Chapter 14 - Not Me
It was hard to keep from looking over my shoulder, but I kept walking west away from the park, eyes front, and stayed on the phone with Gaga.
"You sure?" I said.
"It's him. I can sense it."
"Shit. How close?"
"Maybe a hundred feet."
"Can you take a picture?"
"Too far away. And I'm about to lose you both at the corner. I'm calling the cops downstairs."
"Wait, before you do," I said, cutting across the Broadway intersection at the Time Warner Center, people around me going in and out of the two glass towers. "Maybe there's a chance to set something up. Grab him. He's not going to pull anything in the middle of all this."
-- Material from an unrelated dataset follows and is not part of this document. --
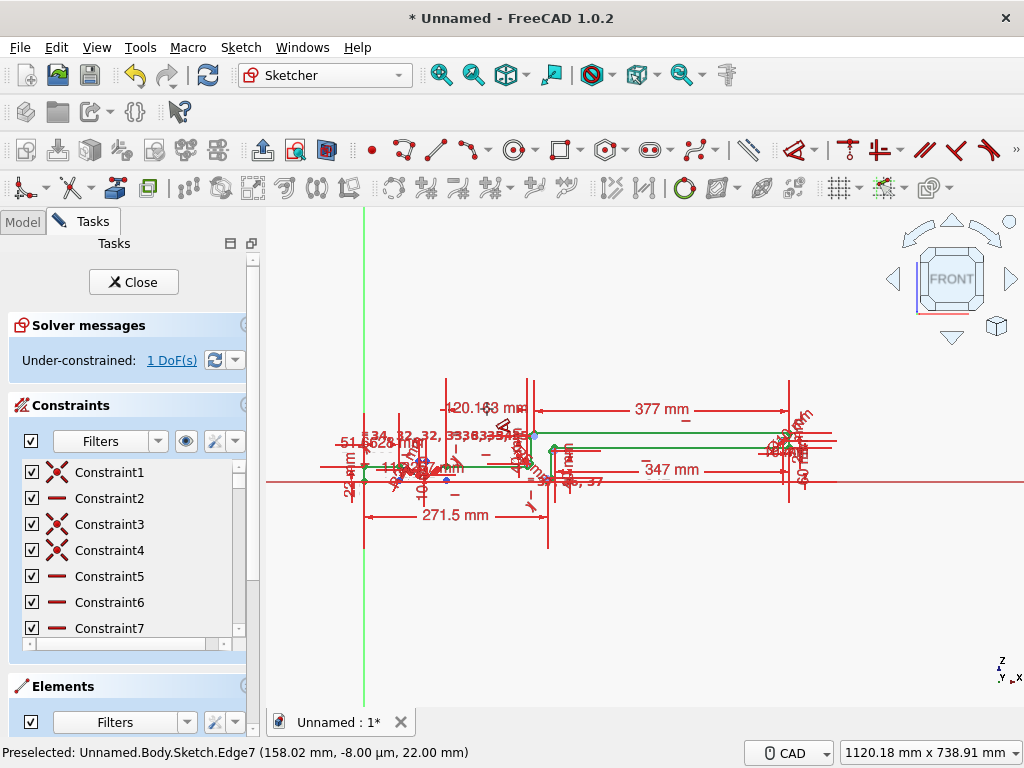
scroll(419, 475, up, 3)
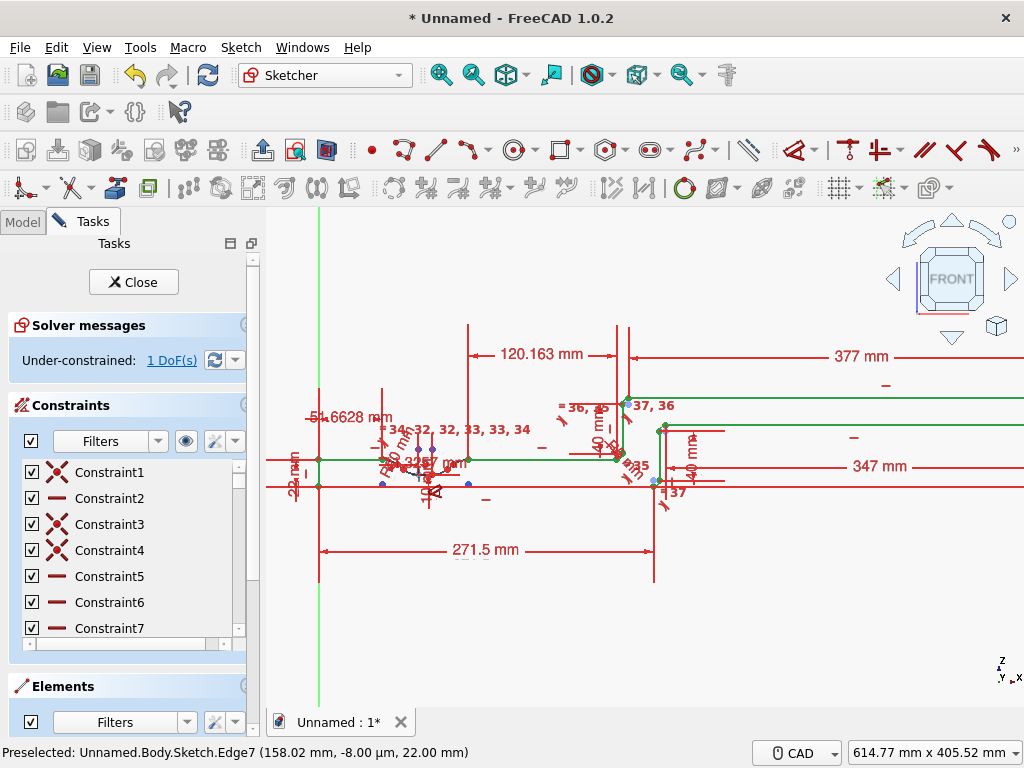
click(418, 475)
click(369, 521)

"Set what up?" she said. "And whatever it is, hurry up."
I tried to think while I kept walking and turned west again onto Fifty-Eighth. "There's a coffee shop on Ninth Avenue called Khave's. The cops'll know it. I'll go there and watch who comes in. You tell the cops that's where I'll be and they can block it off front and back. I'll call you from there."
"You know what he looks like?"
"I'll try to get a look between here and there."
I got off the phone so she could call the two cops assigned to her, kept walking on Fifty-Eighth, eyes ahead until I got to Roosevelt Hospital. I crossed Ninth Avenue and turned left to go to Khave's, checking reflections in the store windows to see if I could spot anyone back there who looked likely. Had to ask myself, Why follow me? What' did I have for him? And was he still back there? I'd just about gotten to Khave's when somebody yelled out my name.
"Hey, Rausch!"
I whipped around and looked across Ninth. Saw Harvey Campanella, a kid from the block I grew up on who always had the latest scheme for making us all millionaires. The last one had us fencing stolen car parts and almost got the whole crew a stint on Riker's Island.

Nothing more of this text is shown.